▶ _EXERCISE MATERIALS_
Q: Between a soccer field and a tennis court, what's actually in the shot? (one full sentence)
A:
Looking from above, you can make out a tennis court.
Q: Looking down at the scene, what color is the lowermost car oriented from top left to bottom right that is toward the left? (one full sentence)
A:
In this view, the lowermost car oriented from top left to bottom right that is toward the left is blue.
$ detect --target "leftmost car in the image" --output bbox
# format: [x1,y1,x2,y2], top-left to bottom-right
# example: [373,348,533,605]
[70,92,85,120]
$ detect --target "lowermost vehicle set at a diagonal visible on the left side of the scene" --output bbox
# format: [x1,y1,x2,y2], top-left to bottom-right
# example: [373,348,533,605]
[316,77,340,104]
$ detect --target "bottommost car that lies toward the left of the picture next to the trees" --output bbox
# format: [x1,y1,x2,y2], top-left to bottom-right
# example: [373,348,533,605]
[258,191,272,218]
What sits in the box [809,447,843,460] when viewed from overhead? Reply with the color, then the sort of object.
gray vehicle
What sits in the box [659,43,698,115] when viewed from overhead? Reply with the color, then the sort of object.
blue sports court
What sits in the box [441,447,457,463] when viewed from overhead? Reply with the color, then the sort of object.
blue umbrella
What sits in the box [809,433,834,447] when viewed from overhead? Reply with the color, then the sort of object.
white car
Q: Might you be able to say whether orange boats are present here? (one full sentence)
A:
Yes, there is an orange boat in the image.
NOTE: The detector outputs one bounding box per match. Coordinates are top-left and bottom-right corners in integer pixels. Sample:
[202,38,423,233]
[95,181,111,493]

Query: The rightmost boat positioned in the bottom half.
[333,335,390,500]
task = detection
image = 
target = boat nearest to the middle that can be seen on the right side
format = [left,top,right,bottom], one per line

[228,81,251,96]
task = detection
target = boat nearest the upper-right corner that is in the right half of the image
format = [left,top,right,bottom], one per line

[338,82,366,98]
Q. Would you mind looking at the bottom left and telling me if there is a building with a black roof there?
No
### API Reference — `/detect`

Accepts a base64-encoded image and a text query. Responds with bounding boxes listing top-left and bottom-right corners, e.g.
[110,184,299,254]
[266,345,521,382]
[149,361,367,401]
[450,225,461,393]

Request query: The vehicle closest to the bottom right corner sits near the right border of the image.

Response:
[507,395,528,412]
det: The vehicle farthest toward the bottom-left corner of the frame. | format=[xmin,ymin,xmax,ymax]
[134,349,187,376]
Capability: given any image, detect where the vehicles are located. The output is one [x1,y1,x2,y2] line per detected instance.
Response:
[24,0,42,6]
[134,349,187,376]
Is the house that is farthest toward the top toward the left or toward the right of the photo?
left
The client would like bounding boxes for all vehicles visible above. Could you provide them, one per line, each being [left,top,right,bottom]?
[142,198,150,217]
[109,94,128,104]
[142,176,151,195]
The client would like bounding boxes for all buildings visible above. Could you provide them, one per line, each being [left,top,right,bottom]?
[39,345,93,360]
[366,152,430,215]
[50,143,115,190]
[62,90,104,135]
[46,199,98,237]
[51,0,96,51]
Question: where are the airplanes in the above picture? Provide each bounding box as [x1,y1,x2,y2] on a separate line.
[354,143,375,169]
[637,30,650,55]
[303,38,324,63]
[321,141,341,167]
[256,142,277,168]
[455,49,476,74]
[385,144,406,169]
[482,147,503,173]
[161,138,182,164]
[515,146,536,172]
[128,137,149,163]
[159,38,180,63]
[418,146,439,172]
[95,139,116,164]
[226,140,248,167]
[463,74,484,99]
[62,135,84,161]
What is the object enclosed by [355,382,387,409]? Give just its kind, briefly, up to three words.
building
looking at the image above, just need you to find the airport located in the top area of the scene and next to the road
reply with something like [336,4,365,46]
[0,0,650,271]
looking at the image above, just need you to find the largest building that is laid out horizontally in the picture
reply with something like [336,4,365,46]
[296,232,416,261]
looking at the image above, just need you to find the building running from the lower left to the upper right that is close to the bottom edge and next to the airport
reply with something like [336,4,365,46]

▶ _THE TASK_
Retype the listing from above, matching it exactly.

▶ _OUTPUT OF THE EXERCISE_
Q: Between a soccer field and a tennis court, what's actually in the shot? (one full sentence)
A:
Looking from above, you can make out a tennis court.
Q: Looking down at the scene, what color is the lowermost car oriented from top left to bottom right that is toward the left? (one full sentence)
A:
In this view, the lowermost car oriented from top left to bottom right that is toward the left is blue.
$ detect --target "leftmost car in the image" --output bbox
# format: [x1,y1,x2,y2], top-left to bottom-right
# example: [373,348,533,605]
[70,92,85,120]
$ detect --target "lowermost vehicle set at a diagonal visible on the left side of the scene" --output bbox
# format: [x1,y1,x2,y2], top-left to bottom-right
# example: [373,348,533,605]
[316,77,340,104]
$ detect --target "bottommost car that lies toward the left of the picture next to the trees" --output bbox
# format: [x1,y1,x2,y2], top-left to bottom-right
# example: [373,348,533,605]
[258,191,272,218]
What sits in the box [809,447,843,460] when viewed from overhead? Reply with the color, then the sort of object.
gray vehicle
What sits in the box [659,43,698,115] when viewed from overhead? Reply with the color, then the sort of object.
blue sports court
What sits in the box [441,447,457,463] when viewed from overhead? Reply with the color, then the sort of object.
blue umbrella
What sits in the box [809,433,834,447] when viewed from overhead? Reply with the color, then the sort of object.
white car
Q: Might you be able to say whether orange boats are present here? (one full sentence)
A:
Yes, there is an orange boat in the image.
NOTE: The detector outputs one bounding box per match. Coordinates are top-left and bottom-right corners in integer pixels. Sample:
[202,38,423,233]
[95,181,111,493]

Query: The rightmost boat positioned in the bottom half.
[333,335,390,500]
task = detection
image = 
target = boat nearest to the middle that can be seen on the right side
format = [left,top,right,bottom], one per line

[228,81,251,96]
task = detection
target = boat nearest the upper-right corner that is in the right half of the image
format = [left,top,right,bottom], one per line

[338,82,366,98]
Q. Would you mind looking at the bottom left and telling me if there is a building with a black roof there?
No
### API Reference — `/detect`

Accepts a base64-encoded image and a text query. Responds with bounding boxes listing top-left and bottom-right corners, e.g.
[110,184,299,254]
[266,345,521,382]
[149,361,367,401]
[450,225,461,393]

Request query: The vehicle closest to the bottom right corner sits near the right border of the image.

Response:
[507,395,528,412]
det: The vehicle farthest toward the bottom-left corner of the frame. | format=[xmin,ymin,xmax,ymax]
[134,349,187,376]
Capability: given any image, detect where the vehicles are located. The output is one [x1,y1,x2,y2] line per detected instance.
Response:
[24,0,42,6]
[134,349,187,376]
Is the house that is farthest toward the top toward the left or toward the right of the photo?
left
The client would like bounding boxes for all vehicles visible above. Could you provide them, one per line, each being [left,top,right,bottom]?
[142,198,150,217]
[109,94,128,104]
[142,176,151,195]
The client would like bounding boxes for all buildings visible above. Could you provide them, one per line, each being [left,top,right,bottom]?
[39,345,93,360]
[366,152,430,215]
[50,143,115,190]
[62,90,104,135]
[46,199,98,237]
[51,0,96,51]
Question: where are the airplanes in the above picture? Provide each bounding box as [x1,y1,x2,y2] on a separate line.
[354,143,375,169]
[637,30,650,55]
[303,38,324,63]
[321,141,341,167]
[256,142,277,168]
[455,49,476,74]
[385,144,406,169]
[482,147,503,173]
[161,138,182,164]
[515,146,536,172]
[128,137,149,163]
[159,38,180,63]
[418,146,439,172]
[95,139,116,164]
[226,140,248,167]
[463,74,484,99]
[62,135,84,161]
What is the object enclosed by [355,382,387,409]? Give just its kind, briefly, up to three words.
building
looking at the image above, just need you to find the airport located in the top area of the scene and next to the road
reply with something like [336,4,365,46]
[0,0,650,271]
looking at the image above, just need you to find the largest building that is laid out horizontally in the picture
reply with something like [336,4,365,46]
[296,232,416,261]
looking at the image above, just need you to find the building running from the lower left to the upper right that is close to the bottom edge and next to the airport
reply with something like [336,4,365,46]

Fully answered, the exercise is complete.